2.4.2. Associations between Digital Media Subcategories and Substance Use Initiation
Random-effect repeated-measures regression models were used to test the association of each digital media subcategory at the exposure wave (as a time-varying and time-lagged regressor) with initiation of cannabis or tobacco product use (in separate models) at the immediately subsequent 6-month outcome wave. Analyses were conducted to examine initiation of any cannabis product, or tobacco product (in separate models), as well as product-specific initiation (e.g., initiation of e-cigarettes, combustible cannabis). Models were restricted to never cannabis or never tobacco product users at the exposure wave. All models were adjusted for time-invariant and time-varying covariates including wave, gender, race/ethnicity, friends’ substance use, and socioeconomic status (i.e., reduced or free lunch and parent education), and included a random effect of participant ID. Covariate-adjusted models were subsequently adjusted for all other social media subcategories. Missing data were managed with listwise deletion. Odds ratios with 95% confidence intervals are reported (SAS 9.4(Institute., 2017) was used to run analyses.
3. RESULTS
3.1. Descriptive Analyses
There were two analytic samples for this report, one for cannabis analyses and one for tobacco analyses (Table 1). A total of 1,841 students (Mage=16.5 years, SD=0.01) who reported no prior use of any cannabis products at baseline were included in the current cannabis analyses. Of these students, 54.3% were female, and 40.1% were Hispanic, 25.5% Asian, 16.7% White, and 17.7% of another race. Over 18 months of follow-up, a total of 421 students (22.87%) initiated cannabis use. Analyses assessing tobacco use initiation included 1,558 students (Mage=16.5 years, SD=0.01) who reported no prior use of any tobacco products at baseline. Of these students, 54.8% were female, and 41.1% were Hispanic, 25.7% Asian, 16.1% White, and 17.1% of another race. Over 18 months of follow-up, a total of 180 students (11.6%) initiated tobacco use.

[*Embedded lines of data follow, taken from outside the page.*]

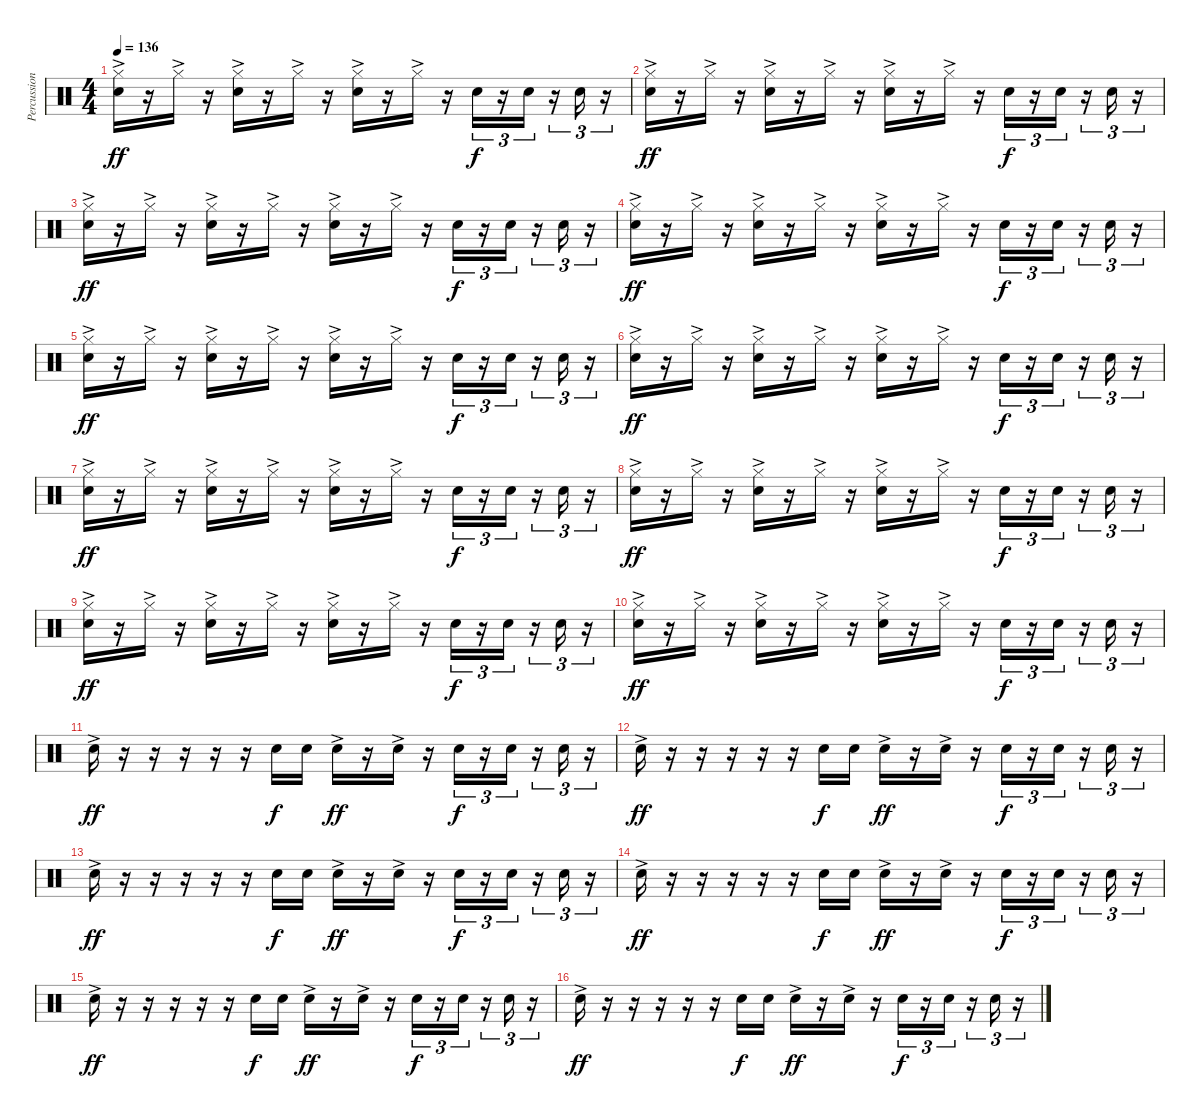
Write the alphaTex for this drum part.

\track ("Percussion" "Percussion") {instrument percussion bank 11}
\staff {score}
\articulation defaults
\ts (4 4)
\tempo 136
\clef neutral
\ks c
("Hi-Hat (closed)"{ac} "Snare (hit) 2"{ac}).16{dy ff} r.16 "Hi-Hat (closed)"{ac}.16 r.16 ("Hi-Hat (closed)"{ac} "Snare (hit) 2"{ac}).16 r.16 "Hi-Hat (closed)"{ac}.16 r.16 ("Hi-Hat (closed)"{ac} "Snare (hit) 2"{ac}).16 r.16 "Hi-Hat (closed)"{ac}.16 r.16 "Snare (hit) 2".16{tu (3 2) dy f} r.16{tu (3 2)} "Snare (hit) 2".16{tu (3 2)} r.16{tu (3 2)} "Snare (hit) 2".16{tu (3 2)} r.16{tu (3 2)} |
("Hi-Hat (closed)"{ac} "Snare (hit) 2"{ac}).16{dy ff} r.16 "Hi-Hat (closed)"{ac}.16 r.16 ("Hi-Hat (closed)"{ac} "Snare (hit) 2"{ac}).16 r.16 "Hi-Hat (closed)"{ac}.16 r.16 ("Hi-Hat (closed)"{ac} "Snare (hit) 2"{ac}).16 r.16 "Hi-Hat (closed)"{ac}.16 r.16 "Snare (hit) 2".16{tu (3 2) dy f} r.16{tu (3 2)} "Snare (hit) 2".16{tu (3 2)} r.16{tu (3 2)} "Snare (hit) 2".16{tu (3 2)} r.16{tu (3 2)} |
("Hi-Hat (closed)"{ac} "Snare (hit) 2"{ac}).16{dy ff} r.16 "Hi-Hat (closed)"{ac}.16 r.16 ("Hi-Hat (closed)"{ac} "Snare (hit) 2"{ac}).16 r.16 "Hi-Hat (closed)"{ac}.16 r.16 ("Hi-Hat (closed)"{ac} "Snare (hit) 2"{ac}).16 r.16 "Hi-Hat (closed)"{ac}.16 r.16 "Snare (hit) 2".16{tu (3 2) dy f} r.16{tu (3 2)} "Snare (hit) 2".16{tu (3 2)} r.16{tu (3 2)} "Snare (hit) 2".16{tu (3 2)} r.16{tu (3 2)} |
("Hi-Hat (closed)"{ac} "Snare (hit) 2"{ac}).16{dy ff} r.16 "Hi-Hat (closed)"{ac}.16 r.16 ("Hi-Hat (closed)"{ac} "Snare (hit) 2"{ac}).16 r.16 "Hi-Hat (closed)"{ac}.16 r.16 ("Hi-Hat (closed)"{ac} "Snare (hit) 2"{ac}).16 r.16 "Hi-Hat (closed)"{ac}.16 r.16 "Snare (hit) 2".16{tu (3 2) dy f} r.16{tu (3 2)} "Snare (hit) 2".16{tu (3 2)} r.16{tu (3 2)} "Snare (hit) 2".16{tu (3 2)} r.16{tu (3 2)} |
("Hi-Hat (closed)"{ac} "Snare (hit) 2"{ac}).16{dy ff} r.16 "Hi-Hat (closed)"{ac}.16 r.16 ("Hi-Hat (closed)"{ac} "Snare (hit) 2"{ac}).16 r.16 "Hi-Hat (closed)"{ac}.16 r.16 ("Hi-Hat (closed)"{ac} "Snare (hit) 2"{ac}).16 r.16 "Hi-Hat (closed)"{ac}.16 r.16 "Snare (hit) 2".16{tu (3 2) dy f} r.16{tu (3 2)} "Snare (hit) 2".16{tu (3 2)} r.16{tu (3 2)} "Snare (hit) 2".16{tu (3 2)} r.16{tu (3 2)} |
("Hi-Hat (closed)"{ac} "Snare (hit) 2"{ac}).16{dy ff} r.16 "Hi-Hat (closed)"{ac}.16 r.16 ("Hi-Hat (closed)"{ac} "Snare (hit) 2"{ac}).16 r.16 "Hi-Hat (closed)"{ac}.16 r.16 ("Hi-Hat (closed)"{ac} "Snare (hit) 2"{ac}).16 r.16 "Hi-Hat (closed)"{ac}.16 r.16 "Snare (hit) 2".16{tu (3 2) dy f} r.16{tu (3 2)} "Snare (hit) 2".16{tu (3 2)} r.16{tu (3 2)} "Snare (hit) 2".16{tu (3 2)} r.16{tu (3 2)} |
("Hi-Hat (closed)"{ac} "Snare (hit) 2"{ac}).16{dy ff} r.16 "Hi-Hat (closed)"{ac}.16 r.16 ("Hi-Hat (closed)"{ac} "Snare (hit) 2"{ac}).16 r.16 "Hi-Hat (closed)"{ac}.16 r.16 ("Hi-Hat (closed)"{ac} "Snare (hit) 2"{ac}).16 r.16 "Hi-Hat (closed)"{ac}.16 r.16 "Snare (hit) 2".16{tu (3 2) dy f} r.16{tu (3 2)} "Snare (hit) 2".16{tu (3 2)} r.16{tu (3 2)} "Snare (hit) 2".16{tu (3 2)} r.16{tu (3 2)} |
("Hi-Hat (closed)"{ac} "Snare (hit) 2"{ac}).16{dy ff} r.16 "Hi-Hat (closed)"{ac}.16 r.16 ("Hi-Hat (closed)"{ac} "Snare (hit) 2"{ac}).16 r.16 "Hi-Hat (closed)"{ac}.16 r.16 ("Hi-Hat (closed)"{ac} "Snare (hit) 2"{ac}).16 r.16 "Hi-Hat (closed)"{ac}.16 r.16 "Snare (hit) 2".16{tu (3 2) dy f} r.16{tu (3 2)} "Snare (hit) 2".16{tu (3 2)} r.16{tu (3 2)} "Snare (hit) 2".16{tu (3 2)} r.16{tu (3 2)} |
("Hi-Hat (closed)"{ac} "Snare (hit) 2"{ac}).16{dy ff} r.16 "Hi-Hat (closed)"{ac}.16 r.16 ("Hi-Hat (closed)"{ac} "Snare (hit) 2"{ac}).16 r.16 "Hi-Hat (closed)"{ac}.16 r.16 ("Hi-Hat (closed)"{ac} "Snare (hit) 2"{ac}).16 r.16 "Hi-Hat (closed)"{ac}.16 r.16 "Snare (hit) 2".16{tu (3 2) dy f} r.16{tu (3 2)} "Snare (hit) 2".16{tu (3 2)} r.16{tu (3 2)} "Snare (hit) 2".16{tu (3 2)} r.16{tu (3 2)} |
("Hi-Hat (closed)"{ac} "Snare (hit) 2"{ac}).16{dy ff} r.16 "Hi-Hat (closed)"{ac}.16 r.16 ("Hi-Hat (closed)"{ac} "Snare (hit) 2"{ac}).16 r.16 "Hi-Hat (closed)"{ac}.16 r.16 ("Hi-Hat (closed)"{ac} "Snare (hit) 2"{ac}).16 r.16 "Hi-Hat (closed)"{ac}.16 r.16 "Snare (hit) 2".16{tu (3 2) dy f} r.16{tu (3 2)} "Snare (hit) 2".16{tu (3 2)} r.16{tu (3 2)} "Snare (hit) 2".16{tu (3 2)} r.16{tu (3 2)} |
"Snare (hit) 2"{ac}.16{dy ff} r.16 r.16 r.16 r.16 r.16 "Snare (hit) 2".16{dy f} "Snare (hit) 2".16 "Snare (hit) 2"{ac}.16{dy ff} r.16 "Snare (hit) 2"{ac}.16 r.16 "Snare (hit) 2".16{tu (3 2) dy f} r.16{tu (3 2)} "Snare (hit) 2".16{tu (3 2)} r.16{tu (3 2)} "Snare (hit) 2".16{tu (3 2)} r.16{tu (3 2)} |
"Snare (hit) 2"{ac}.16{dy ff} r.16 r.16 r.16 r.16 r.16 "Snare (hit) 2".16{dy f} "Snare (hit) 2".16 "Snare (hit) 2"{ac}.16{dy ff} r.16 "Snare (hit) 2"{ac}.16 r.16 "Snare (hit) 2".16{tu (3 2) dy f} r.16{tu (3 2)} "Snare (hit) 2".16{tu (3 2)} r.16{tu (3 2)} "Snare (hit) 2".16{tu (3 2)} r.16{tu (3 2)} |
"Snare (hit) 2"{ac}.16{dy ff} r.16 r.16 r.16 r.16 r.16 "Snare (hit) 2".16{dy f} "Snare (hit) 2".16 "Snare (hit) 2"{ac}.16{dy ff} r.16 "Snare (hit) 2"{ac}.16 r.16 "Snare (hit) 2".16{tu (3 2) dy f} r.16{tu (3 2)} "Snare (hit) 2".16{tu (3 2)} r.16{tu (3 2)} "Snare (hit) 2".16{tu (3 2)} r.16{tu (3 2)} |
"Snare (hit) 2"{ac}.16{dy ff} r.16 r.16 r.16 r.16 r.16 "Snare (hit) 2".16{dy f} "Snare (hit) 2".16 "Snare (hit) 2"{ac}.16{dy ff} r.16 "Snare (hit) 2"{ac}.16 r.16 "Snare (hit) 2".16{tu (3 2) dy f} r.16{tu (3 2)} "Snare (hit) 2".16{tu (3 2)} r.16{tu (3 2)} "Snare (hit) 2".16{tu (3 2)} r.16{tu (3 2)} |
"Snare (hit) 2"{ac}.16{dy ff} r.16 r.16 r.16 r.16 r.16 "Snare (hit) 2".16{dy f} "Snare (hit) 2".16 "Snare (hit) 2"{ac}.16{dy ff} r.16 "Snare (hit) 2"{ac}.16 r.16 "Snare (hit) 2".16{tu (3 2) dy f} r.16{tu (3 2)} "Snare (hit) 2".16{tu (3 2)} r.16{tu (3 2)} "Snare (hit) 2".16{tu (3 2)} r.16{tu (3 2)} |
"Snare (hit) 2"{ac}.16{dy ff} r.16 r.16 r.16 r.16 r.16 "Snare (hit) 2".16{dy f} "Snare (hit) 2".16 "Snare (hit) 2"{ac}.16{dy ff} r.16 "Snare (hit) 2"{ac}.16 r.16 "Snare (hit) 2".16{tu (3 2) dy f} r.16{tu (3 2)} "Snare (hit) 2".16{tu (3 2)} r.16{tu (3 2)} "Snare (hit) 2".16{tu (3 2)} r.16{tu (3 2)}

3.2. Digital Media Subcategories
The exploratory factor analysis identified a 6-factor solution that accounted for 97.7% of the variance (Table 3), considering the Kaiser criterion (eigenvalue >1) and evaluating the scree plots. This solution was used to inform the development of six digital media subcategories: “social media posting” (posting photos, video, or statuses; sharing others’ content), “reading news/articles & browsing photos” (browsing photos or videos online; reading blogs, articles, and news), “chatting & shopping” (video chatting; online shopping), “gaming” (video gaming alone or with others), “checking in” (checking social media sites; texting), and “music” (streaming or downloading music). We created a unique variable for each digital media subcategory. For each of the first 5 subcategories, use of one or both of the items was reported using three levels (0= no high frequency use of either item, 1= high frequency use of 1 of the items, 2= high frequency use of both items). The final subcategory, “music”, was dichotomized (0= no high frequency use of music, 1= high frequency use of music).
Table 3.
Endorsement of Activity (%) | ||||
---|---|---|---|---|
Baseline | 6 month | 12 month | ||
Social Media Postinga | No high frequency engagement | 85.0 | 83.6 | 82.9 |
High frequency engagement in 1 activity | 9.1 | 10.3 | 10.6 | |
High frequency engagement in 2 activities | 6.0 | 6.1 | 6.5 | |
Reading news/articles & Browsing photos | No high frequency engagement | 49.2 | 47.5 | 45.8 |
High frequency engagement in 1 activity | 33.9 | 34.8 | 37.6 | |
High frequency engagement in 2 activities | 16.9 | 17.7 | 16.6 | |
Chat & Shopping | No high frequency engagement | 84.4 | 83.0 | 83.4 |
High frequency engagement in 1 activity | 12.3 | 12.1 | 12.7 | |
High frequency engagement in 2 activities | 3.3 | 4.9 | 3.9 | |
Gaming | No high frequency engagement | 77.7 | 74.1 | 77.8 |
High frequency engagement in 1 activity | 10.7 | 12.9 | 10.6 | |
High frequency engagement in 2 activities | 11.7 | 13.0 | 11.6 | |
Checking In | No high frequency engagement | 31.1 | 30.1 | 26.3 |
High frequency engagement in 1 activity | 31.1 | 28.7 | 27.8 | |
High frequency engagement in 2 activities | 37.9 | 41.2 | 45.9 | |
Musicb | No high frequency engagement | 61.1 | 59.8 | 57.3 |
High frequency engagement in | 38.9 | 40.2 | 42.7 |
A unique variable for each digital media subcategory was created. For each of the first 5 subcategories, high frequency engagement of one or both of the activities was reported using three levels (0= no high frequency engagement, 1= high frequency engagement in 1 activity, 2= high frequency engagement in 2 activities).
The final subcategory, “music”, was dichotomized (0= no high frequency music engagement, 1= high frequency engagement with music).
3.3. Exposure to Digital Media Subcategories
High-frequency digital media use varied across digital media subcategories (Table 3). For example, at baseline, 37.9% of respondents reported high frequency use of both “checking in” items, while only 3.3% of youth reported high frequency report of both “chatting and shopping” items.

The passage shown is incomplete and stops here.